17 / 20
30/12/2020
Raya
POTHAMUS
 
Le trio belge POTHAMUS publie son premier album et, afin de mettre le plus de chances de son côté, il semble avoir pris soin de convoquer les meilleurs aspects de différents sous-genres. C'est ainsi que l'on peut déceler des emprunts au Post-Hardcore, au Post Métal, Post Rock, Post Punk, au Sludge, au Doom, au Dark Ambient... Une telle profusion d'inspirations peut en principe se révéler plutôt nuisible, créant une surcharge et des dosages problématiques. Bien au contraire, chez POTHAMUS, elle se traduit par une profusion propice à de très fortes intensités, à une densité par moments asphyxiante, mais aussi par des contrastes salutaires, sans lesquels l'ensemble ne serait qu'un énorme pavé.

Car il existe indéniablement une tendance monolithique chez POTHAMUS : gros riffs saturés, lignes de basse outrageusement métalliques et tendues, section rythmique intraitable, tempos lents, le tout se développant au gré de formats majoritairement imposants : Viso frôle les 10 minutes, Orath atteint les 10'30, Raya s'approchant des 17 minutes (tandis que les deux parties de Heravis cumulent 8 minutes). C'est justement parce que certains matériaux et dispositifs essentiels permettent d'ériger sur des durées longues des falaises sonores que le trio a pris soin d'installer des contrepoints plus tempérés, aux ambiances plus apaisées, aux manières plus subtiles. Subtiles mais néanmoins conformes aux pratiques globalement massives de ce trio qui semble vouloir compenser son faible effectif par une débauche d’intensité.

De fait, même les plages les plus apaisées – ou plutôt les moins ravageuses -, bien que ne renonçant jamais à une tension paranoïaque (principalement incarnée par une base froide et très tendue, digne héritière du Post Punk), même ces moments, plus apaisés en apparence, ne sont que des tremplins pour les immensités de plomb et de granit qui prédominent. D’ailleurs, pour les concrétiser, il suffit généralement d’un motif de guitare plus dépouillé, d’arrangements électroniques ou de motifs mélodiques synthétiques. Une sobriété ô combien expressive, justement parce qu’elle s’inscrit comme un contraste productif avec la puissance et l’aridité prédominantes.

Pas franchement essentiel dès qu’il est question de puissance de tir, le registre vocal alterne avec pertinence le registre clair et les prurits plus caverneux et extrêmes, les deux ayant en commun de se trouver mixés en retrait de l’imposant magma musical.
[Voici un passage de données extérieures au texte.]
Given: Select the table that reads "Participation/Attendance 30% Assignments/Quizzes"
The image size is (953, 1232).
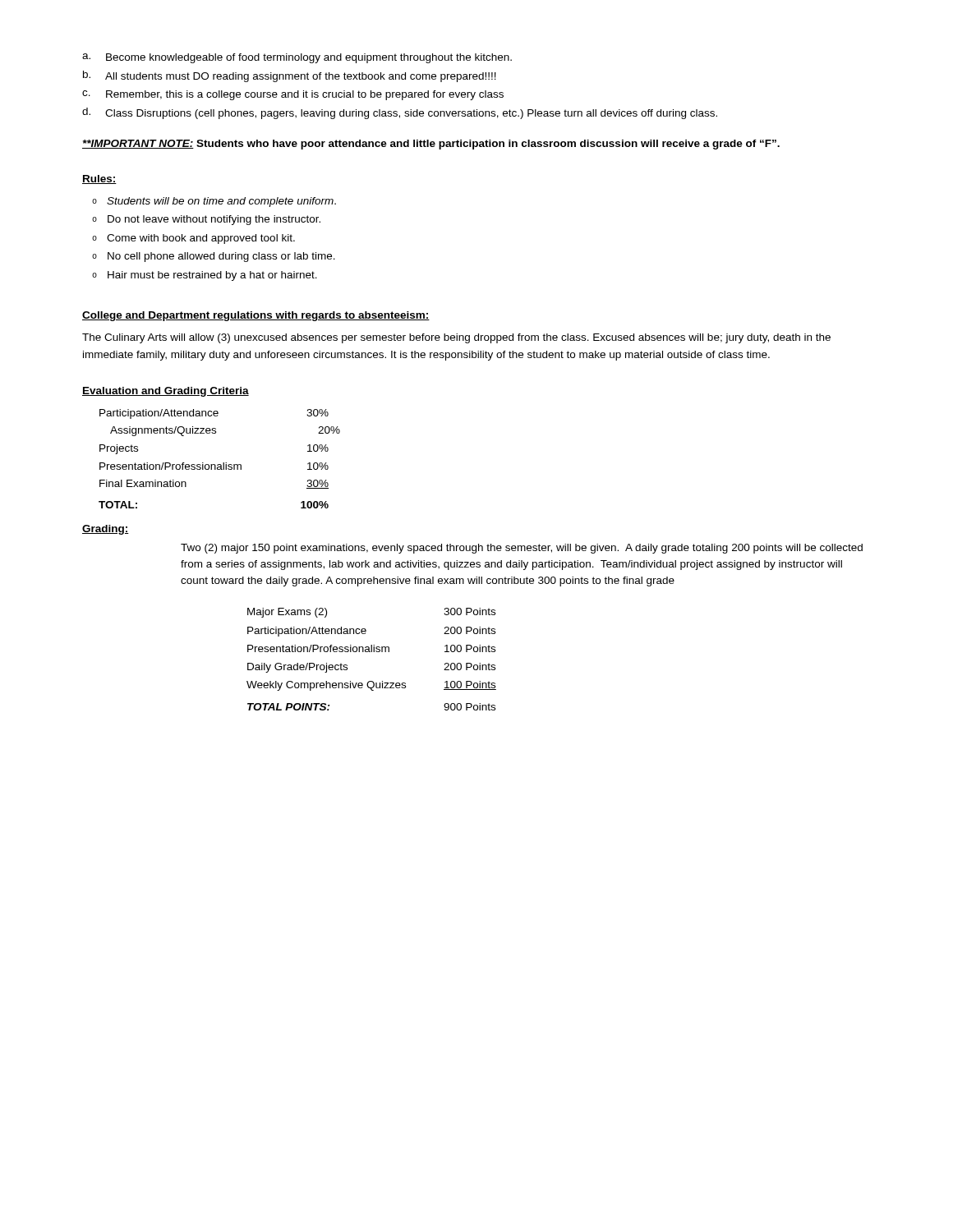Looking at the screenshot, I should pyautogui.click(x=485, y=458).

Néanmoins, par leur expressivité relativement primaire, avant tout passionnée, ces expressions vocales contribuent de manière non négligeable à la passion à la fois raide et palpitante qui anime ce premier essai. Inutile de préciser que la suite discographique de POTHAMUS sera positivement suivie par nos soins.

Certes, le moindre pisse-froid pourrait reprocher à POTHAMUS de ne pas avoir été premier sur le créneau : immanquablement, le moindre triste manneken-pis non advenu opposera le nom des compatriotes d’AMENRA, actifs depuis la décennie passée… Ce qui ne réduit en rien ni l’efficacité fondamentale de POTHAMUS, ni la pertinence de ses compositions, pas plus que l’authenticité des interprétations tant vocales qu’instrumentales. Entre maîtrise, références et passion, POTHAMUS fait davantage qu’impressionner le quidam en mal de décibels torturés et puissants : il propose une perspective personnelle, encore au stade du développement.